Utilisez ensuite le crayon pour donner du volume à certains reliefs, afin de créer de petites collines qui remplissent le sol de manière irrégulière. Essayez de varier les formes, les tailles et les emplacements.

Pour l’étape suivante, réalisez des dégradés doux pour donner du volume aux rochers. Cette fois-ci, créez des contrastes beaucoup plus marqués et nets, en obtenant des ombres presque totalement sombres et des lumières presque ou totalement blanches.

Pour terminer cette première partie, utilisez votre crayon bien taillé pour dessiner de petites brins d’herbe sur toute la plaine, en effectuant des mouvements rapides du poignet. Vous obtiendrez ainsi cette forme caractéristique.

Ajouter le ciel
Pour la base du ciel, créez un dégradé du haut vers le bas. Les tons les plus foncés se situeront dans la partie supérieure, laissant une sorte de pénombre dans la zone inférieure, jusqu’à atteindre la zone la plus claire presque au contact des montagnes, qui seront à peine recouvertes d’une fine couche de couleur.
Remarque : pour préserver la lumière des nuages et du soleil, évitez d’appliquer du pigment dans ces zones afin d’obtenir des tons presque blancs sans effort supplémentaire.
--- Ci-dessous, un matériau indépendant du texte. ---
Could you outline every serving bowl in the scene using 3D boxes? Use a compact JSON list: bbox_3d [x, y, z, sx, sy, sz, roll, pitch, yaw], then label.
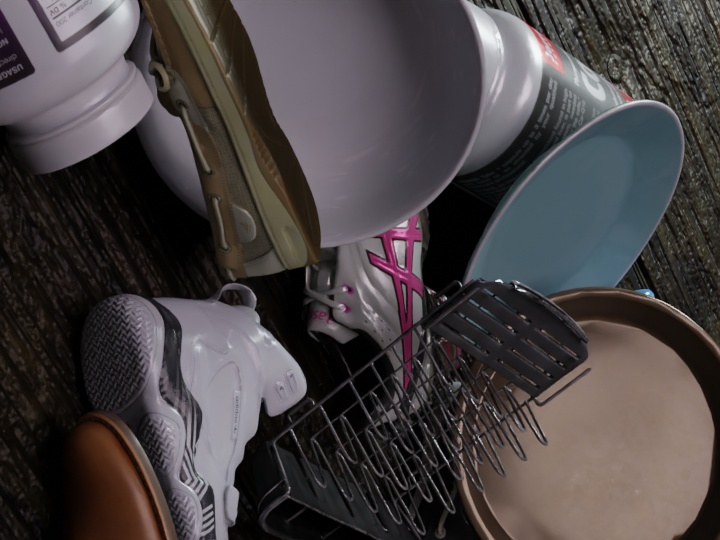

Pour les nuages, nous utiliserons autant le pigment que la gomme. Utilisez la gomme pour définir la forme des nuages, tout en appliquant des traits doux de sanguine pour assombrir et donner du volume. À la fin, il suffira d’estomper soigneusement.

Utilisez la gomme pour créer la lumière du soleil. Retirez les résidus de pigment à l’intérieur du disque solaire afin de définir un cercle entouré d’un halo délicatement dégradé. Si vous le souhaitez, vous pouvez ajouter quelques rayons dans toutes les directions pour plus de dramatisme.

Pour terminer, utilisez du blanc pour ajouter et accentuer les zones lumineuses. Cela augmentera considérablement la sensation de contraste. Illuminez le soleil comme élément principal et ajoutez des reflets sur les surfaces directement exposées, comme la partie supérieure de l’arbre ou les rochers.

J’espère que ce tutoriel vous aura permis de mieux comprendre la construction d’un paysage à la sanguine, la manière de maîtriser ce matériau pour varier les textures et les effets, ainsi que l’utilisation d’outils comme la gomme et l’estompe pour révéler toute la richesse expressive de la sanguine.